**Work task**
In the records below, the line with "1. car <box>0,190,10,192</box>" opens the range and the line with "6. car <box>9,194,23,210</box>" closes it; print that range exactly and nothing else.

━━ Supplied material ━━

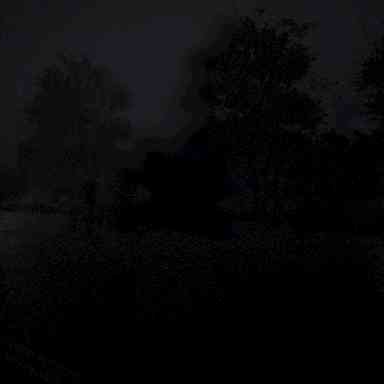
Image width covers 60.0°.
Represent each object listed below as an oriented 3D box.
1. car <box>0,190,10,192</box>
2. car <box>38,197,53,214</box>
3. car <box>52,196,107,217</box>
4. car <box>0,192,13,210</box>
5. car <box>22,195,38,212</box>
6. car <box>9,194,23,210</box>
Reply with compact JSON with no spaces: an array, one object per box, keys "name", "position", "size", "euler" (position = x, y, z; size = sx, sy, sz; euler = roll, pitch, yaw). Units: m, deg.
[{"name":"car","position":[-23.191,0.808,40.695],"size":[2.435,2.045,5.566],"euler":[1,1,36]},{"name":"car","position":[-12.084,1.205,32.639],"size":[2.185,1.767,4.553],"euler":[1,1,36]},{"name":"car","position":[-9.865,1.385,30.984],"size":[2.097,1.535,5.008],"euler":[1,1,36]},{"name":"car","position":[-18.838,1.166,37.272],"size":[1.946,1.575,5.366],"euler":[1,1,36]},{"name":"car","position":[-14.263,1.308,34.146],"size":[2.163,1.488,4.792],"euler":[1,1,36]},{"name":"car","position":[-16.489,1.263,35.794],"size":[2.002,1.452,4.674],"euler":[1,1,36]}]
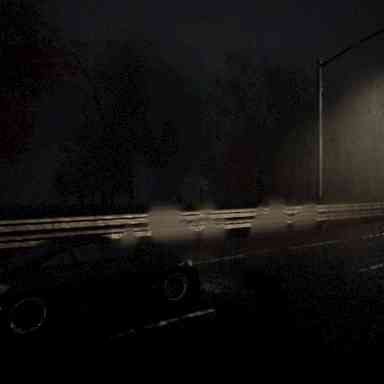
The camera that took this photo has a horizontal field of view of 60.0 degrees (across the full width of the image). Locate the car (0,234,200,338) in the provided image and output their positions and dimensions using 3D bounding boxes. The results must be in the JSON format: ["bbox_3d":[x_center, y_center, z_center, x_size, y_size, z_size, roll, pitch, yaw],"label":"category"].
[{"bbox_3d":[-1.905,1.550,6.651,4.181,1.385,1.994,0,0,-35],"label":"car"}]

━━━

**Answer to the exercise**
1. car <box>0,190,10,192</box>
2. car <box>38,197,53,214</box>
3. car <box>52,196,107,217</box>
4. car <box>0,192,13,210</box>
5. car <box>22,195,38,212</box>
6. car <box>9,194,23,210</box>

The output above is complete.